As Lucene/Apache are more multi-platform, something akin to a WebDAV 
backend might be more appropriate.

When NDFS is exposed to userspace for scripts to use, admins types will 
embrace it for managing the cluster.

It might not be a focus now, but it's seems to be a low hanging fruit 
that would only prove to help the project.

 - Ian C. Blenke <ic...@nks.net> <ia...@blenke.com> http://ian.blenke.com



Re: Another NDFS question

Posted by Doug Cutting <cu...@nutch.org>.
Ian C. Blenke wrote:
>> The only somewhat complicated thing would be directory listings.  
>> These would be handled with a simple REST interface, where some simple 
>> XML is returned.  Ideally a stylesheet could be specified so that one 
>> can use the directory listing url to view the filesystem from a brower.
> 
>  From a bash scripting standpoint, this would be complicated to access 
> without a userspace command to wrap it.

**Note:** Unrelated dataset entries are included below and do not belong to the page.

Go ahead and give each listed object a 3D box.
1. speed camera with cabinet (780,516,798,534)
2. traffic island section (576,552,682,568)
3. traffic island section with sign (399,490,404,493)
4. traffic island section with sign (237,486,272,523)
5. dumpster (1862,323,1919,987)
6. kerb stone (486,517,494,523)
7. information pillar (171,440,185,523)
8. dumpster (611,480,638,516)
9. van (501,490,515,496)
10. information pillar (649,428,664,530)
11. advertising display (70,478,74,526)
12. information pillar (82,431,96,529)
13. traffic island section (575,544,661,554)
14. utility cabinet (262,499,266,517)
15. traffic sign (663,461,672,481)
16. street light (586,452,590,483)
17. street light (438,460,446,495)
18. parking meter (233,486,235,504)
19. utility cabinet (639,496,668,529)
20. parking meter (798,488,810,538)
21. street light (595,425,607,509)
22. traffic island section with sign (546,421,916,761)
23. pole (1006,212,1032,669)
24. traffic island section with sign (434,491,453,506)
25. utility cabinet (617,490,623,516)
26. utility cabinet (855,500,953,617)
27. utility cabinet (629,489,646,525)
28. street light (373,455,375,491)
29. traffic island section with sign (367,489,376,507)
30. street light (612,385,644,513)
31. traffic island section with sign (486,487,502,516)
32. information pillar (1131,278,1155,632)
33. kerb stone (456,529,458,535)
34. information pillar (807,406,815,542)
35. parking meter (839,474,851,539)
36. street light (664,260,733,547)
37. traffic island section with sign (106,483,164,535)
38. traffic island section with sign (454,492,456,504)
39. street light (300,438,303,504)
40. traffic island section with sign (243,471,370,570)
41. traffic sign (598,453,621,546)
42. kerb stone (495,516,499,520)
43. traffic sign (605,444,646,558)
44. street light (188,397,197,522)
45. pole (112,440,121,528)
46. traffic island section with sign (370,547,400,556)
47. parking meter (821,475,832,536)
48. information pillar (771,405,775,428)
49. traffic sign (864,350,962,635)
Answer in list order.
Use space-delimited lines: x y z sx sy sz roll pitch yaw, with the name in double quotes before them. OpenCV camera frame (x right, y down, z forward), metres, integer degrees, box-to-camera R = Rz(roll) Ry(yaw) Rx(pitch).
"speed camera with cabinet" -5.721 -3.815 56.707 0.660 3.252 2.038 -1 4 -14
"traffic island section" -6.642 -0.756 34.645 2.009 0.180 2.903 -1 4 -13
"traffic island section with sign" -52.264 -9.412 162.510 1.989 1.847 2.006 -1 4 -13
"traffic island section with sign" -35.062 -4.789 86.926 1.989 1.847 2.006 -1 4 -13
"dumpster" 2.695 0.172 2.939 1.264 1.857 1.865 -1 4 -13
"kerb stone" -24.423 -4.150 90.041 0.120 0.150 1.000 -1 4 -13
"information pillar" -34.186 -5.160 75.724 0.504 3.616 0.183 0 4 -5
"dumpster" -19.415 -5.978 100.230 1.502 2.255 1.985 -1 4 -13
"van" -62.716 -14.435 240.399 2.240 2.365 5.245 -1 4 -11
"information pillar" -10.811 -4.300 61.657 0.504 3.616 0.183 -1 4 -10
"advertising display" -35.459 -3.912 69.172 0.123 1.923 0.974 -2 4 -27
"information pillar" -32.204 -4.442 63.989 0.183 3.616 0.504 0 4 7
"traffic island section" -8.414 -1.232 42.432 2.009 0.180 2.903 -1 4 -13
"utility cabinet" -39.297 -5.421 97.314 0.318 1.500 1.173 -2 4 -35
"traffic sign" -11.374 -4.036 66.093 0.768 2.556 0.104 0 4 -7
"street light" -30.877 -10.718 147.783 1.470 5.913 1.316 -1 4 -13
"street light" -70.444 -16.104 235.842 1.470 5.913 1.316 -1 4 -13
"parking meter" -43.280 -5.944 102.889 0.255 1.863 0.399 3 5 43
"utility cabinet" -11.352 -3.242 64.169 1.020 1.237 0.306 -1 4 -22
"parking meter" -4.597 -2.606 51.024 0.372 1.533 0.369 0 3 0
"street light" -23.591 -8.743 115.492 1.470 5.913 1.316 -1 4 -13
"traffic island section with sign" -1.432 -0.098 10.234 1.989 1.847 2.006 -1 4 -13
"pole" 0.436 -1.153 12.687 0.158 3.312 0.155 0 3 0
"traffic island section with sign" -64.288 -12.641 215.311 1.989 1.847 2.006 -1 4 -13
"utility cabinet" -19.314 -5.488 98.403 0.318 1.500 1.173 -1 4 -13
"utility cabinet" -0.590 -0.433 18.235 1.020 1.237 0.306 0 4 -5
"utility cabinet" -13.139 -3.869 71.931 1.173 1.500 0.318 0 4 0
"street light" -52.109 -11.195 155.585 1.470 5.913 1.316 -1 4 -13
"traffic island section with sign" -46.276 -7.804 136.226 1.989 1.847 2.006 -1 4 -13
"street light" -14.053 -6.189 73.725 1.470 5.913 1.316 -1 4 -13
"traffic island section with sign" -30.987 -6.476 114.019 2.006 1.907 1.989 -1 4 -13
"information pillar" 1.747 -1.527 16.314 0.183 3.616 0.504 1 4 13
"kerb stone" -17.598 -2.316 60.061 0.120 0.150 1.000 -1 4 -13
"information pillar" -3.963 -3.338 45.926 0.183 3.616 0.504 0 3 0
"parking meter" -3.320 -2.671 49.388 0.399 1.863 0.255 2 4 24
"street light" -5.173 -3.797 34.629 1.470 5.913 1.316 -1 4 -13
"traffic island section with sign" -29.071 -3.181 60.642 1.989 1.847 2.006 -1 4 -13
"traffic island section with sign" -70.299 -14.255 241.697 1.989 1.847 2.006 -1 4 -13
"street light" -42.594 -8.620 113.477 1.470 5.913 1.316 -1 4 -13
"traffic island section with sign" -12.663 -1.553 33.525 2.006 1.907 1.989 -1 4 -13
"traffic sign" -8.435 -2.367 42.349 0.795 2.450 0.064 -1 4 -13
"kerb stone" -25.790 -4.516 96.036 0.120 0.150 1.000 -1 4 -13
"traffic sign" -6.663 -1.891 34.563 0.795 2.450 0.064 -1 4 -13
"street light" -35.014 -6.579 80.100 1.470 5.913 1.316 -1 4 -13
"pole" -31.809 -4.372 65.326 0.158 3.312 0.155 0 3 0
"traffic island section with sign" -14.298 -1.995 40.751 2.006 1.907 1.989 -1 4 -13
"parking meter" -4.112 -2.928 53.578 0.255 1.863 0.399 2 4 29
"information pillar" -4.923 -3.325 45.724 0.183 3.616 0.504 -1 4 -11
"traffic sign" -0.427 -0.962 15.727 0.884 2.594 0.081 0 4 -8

Good point.  With WebDAV has cadaver for shell access, so maybe WebDAV 
is the way to go.

> A simple WebDAV interface seems like the closest thing to a standard 
> that you are attempting to approximate with the RESTful interface. The 
> added benefit would be support from DavFS2, Finder, Microsoft 
> Webfolders, etc.
> 
> Perhaps something that plugs into Jakarta Slide? A NDFS backend to Slide 
> would potentially benefit a distributed CMS as well (without  a 
> versioning history, as that appears to be beyond the scope of NDFS).
> 
> I would be interested in implementing something like this if there is 
> indeed interest.

That would be great!

NDFS is designed to reliably and efficiently support very large data 
collections.  It is not designed to be a full-featured replacement for 
desktop filesystems, but rather is a lean-and-mean storage system for 
distributed computations.  Its primary users are developers and system 
administrators.  Such folks don't require fancy graphical user 
interfaces, but they are a nice bonus.  Programmatic access from 
non-Java is also a goal.  Easy publishing from, e.g., web authoring 
tools is not a goal.

WebDAV looks to me to meet these needs without too much baggage.  It may 
encourage non-target audiences to use NDFS, but we can deal with that as 
a documentation issue.  For example, sophisticated versioning, security 
and permission systems are outside the scope of NDFS.

Doug

Re: Another NDFS question

Posted by "Ian C. Blenke" <ic...@nks.net>.
Doug Cutting wrote:

> Ian C. Blenke wrote:
>
>> When NDFS is exposed to userspace for scripts to use, admins types 
>> will embrace it for managing the cluster.
>
> Our intent is to add some servlets which run on each datanode 
> providing access to the filesystem for non-Java programs.
>
> Most operations would be quite simple, e.g.:
>
> - to write a file, post its content to a url like:
>   http://datanode:XXXX/write?name=my.file
>
> - to read a file, get file content from urls like:
>   http://datanode:XXXX/read?name=my.file
>   http://datanode:XXXX/read?name=my.file&start=2048&length=1024
>
> - to remove a file:
>   http://datanode:XXX/remove?name=my.file
> Similarly for rename, copy, etc.

Not very RESTful, but simple.

> The only somewhat complicated thing would be directory listings.  
> These would be handled with a simple REST interface, where some simple 
> XML is returned.  Ideally a stylesheet could be specified so that one 
> can use the directory listing url to view the filesystem from a brower.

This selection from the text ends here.